An increasing number of wireless audio transmitter devices promise the ultimate freedom in streaming music all over the house. We will take a look at the most popular technologies for wireless audio and give some recommendations for selecting the best wireless audio product.

Getting audio from your living room to your bed room can be quite a problem particularly in houses which are not wired for audio. The following technologies are used by products solving this problem: infrared, RF, wireless LAN and powerline.

Infrared is limited to line of sight because the audio signal is sent as lightwaves and therefore products utilizing this technology, such as infrared wireless surround sound products, are limited to a single room.
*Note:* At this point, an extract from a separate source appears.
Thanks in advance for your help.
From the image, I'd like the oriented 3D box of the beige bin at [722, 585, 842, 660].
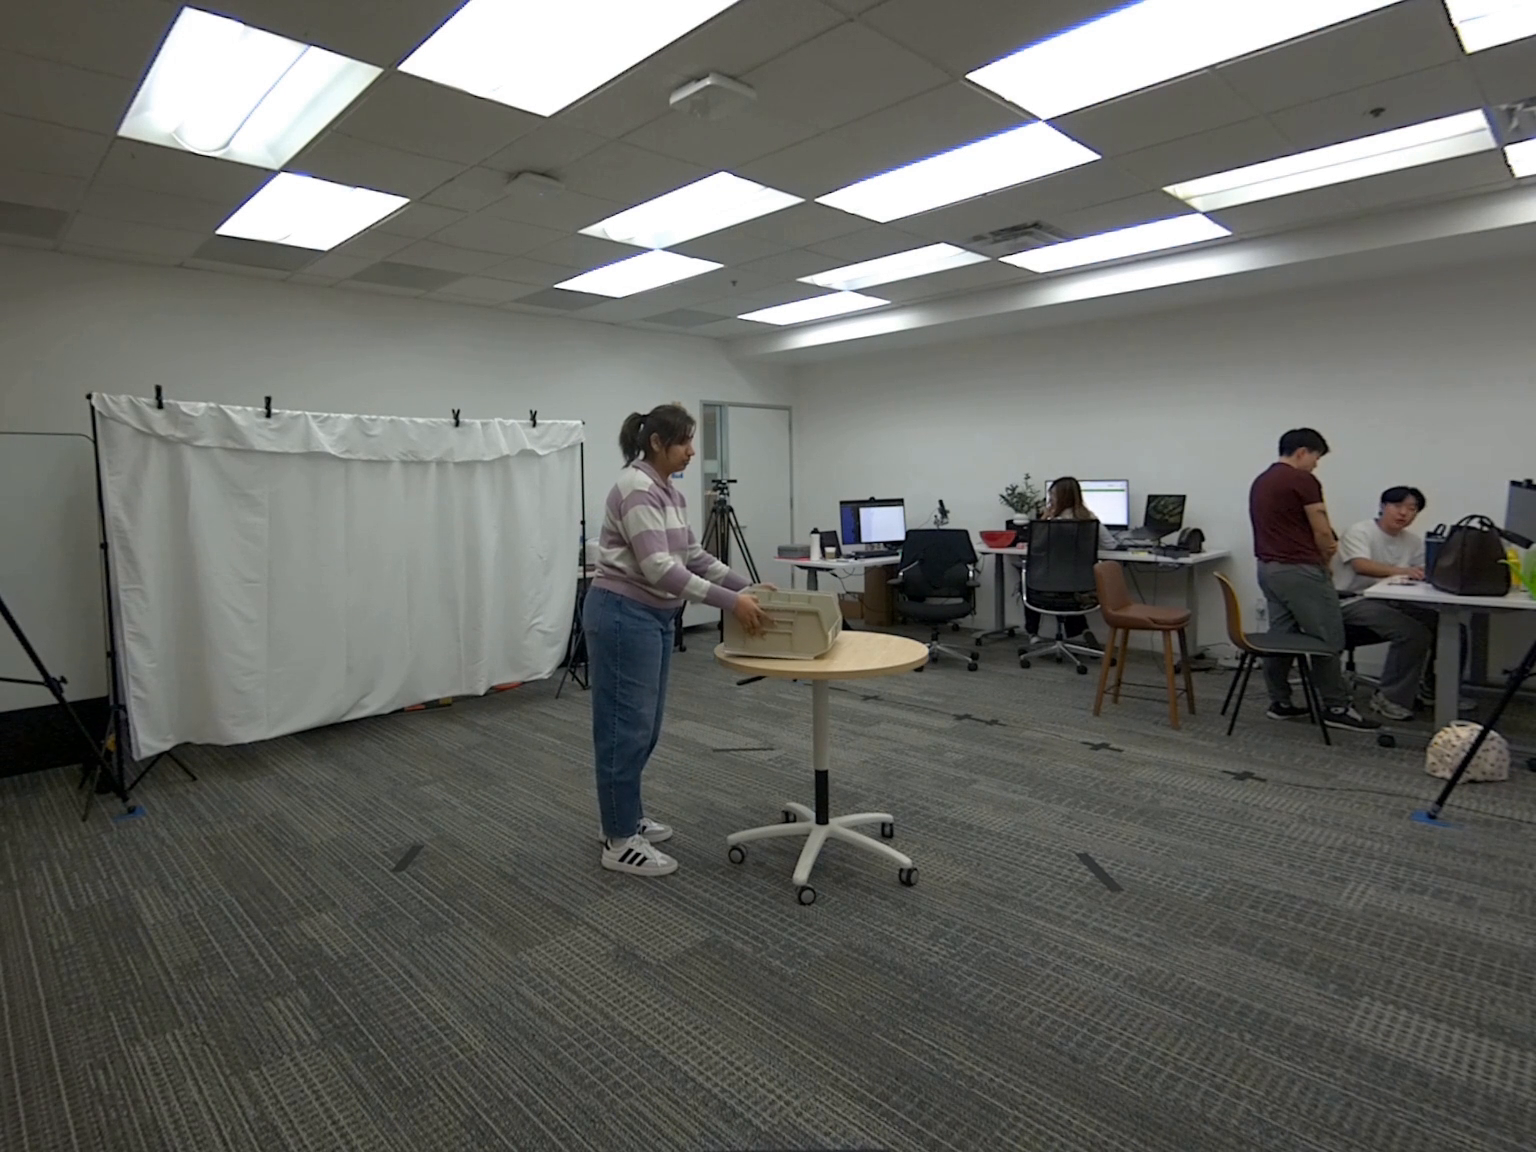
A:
[{"bbox_3d":[0.060,0.168,3.097,0.382,0.188,0.419,2,6,12],"label":"beige bin"}]

RF wireless audio products broadcast the audio signal via radio waves. These radio wave signals can easily go through walls. The signal is sent either by using FM transmission or digital transmission. FM transmission is inexpensive but quite prone to static, audio distortion and susceptible to interference.

Digital wireless audio transmitter devices, such as products from Amphony, utilize a digital protocol. The audio is first converted to digital data before being broadcast. This conversion and transmission in the digital domain will ensure that the original audio quality is preserved. On the other hand, this is only the case of the data is sent uncompressed. Some wireless audio transmitters will apply some sort of audio compression. Such products include Bluetooth audio transmitters. Audio compression will degrade the quality of the audio to some degree.

Products utilizing wireless LAN are practical when streaming audio from a PC. Their downside is that they typically have some fairly high latency, i.e. the signal will be delayed by some amount since wireless LAN was not particularly designed for real-time audio streaming. WLAN receivers frequently do not have built-in network access. As a result, such devices frequently require buying separate LAN cards. These cards are then plugged into each receiver.

Powerline devices use the power mains to distribute music and offer large range but run into problems if there are individual mains circuits in the home in terms of crossing between circuits. Another challenge confronting powerline products are strong power surges and spikes. Such surges can cause dropouts in the audio due to errors in the transmission. To safeguard against these errors, powerline products normally build a delay of several seconds into the transmission.

Now we’ll give you some recommendations for shopping for a wireless system: Choose a system that supports multiple wireless receivers if you plan to stream audio to a number of rooms so that you don’t have to buy a separate transmitter for every receiver. Products with some form of error correction will be more immune against radio interference from other wireless transmitters. Choose a digital RF audio transmitter to guarantee that the audio quality is maintained. Make sure the audio delay is less than 10 ms if you have a real-time application such as video.

Choose a transmitter that has all the audio inputs you need, such as speaker inputs, line-level RCA inputs etc. Pick a system where you can add receivers later on which provide all of the necessary outputs, e.g. amplified speaker outputs, RCA outputs etc. Select a transmitter that can adjust the audio volume of the input stage. This will give you the versatility to connect the transmitter to any kind of equipment with different signal levels. Otherwise the audio may get clipped inside the transmitter converter stage or the dynamic range is not fully utilized.

Verify that the amplified wireless receivers contain built-in digital amplifiers with low distortion figures. This will keep the receiver cool due to high amplifier power efficiency and provide optimum sound quality. Pick a system which offers receivers that can drive speakers with the desired Ohm rating. Make sure the receivers have a small form factor and are easily mountable. This will help during the set up. 5.8 GHz wireless devices usually have less problems with interference from other wireless transmitters than devices operating at 900 MHz or 2.4 GHz.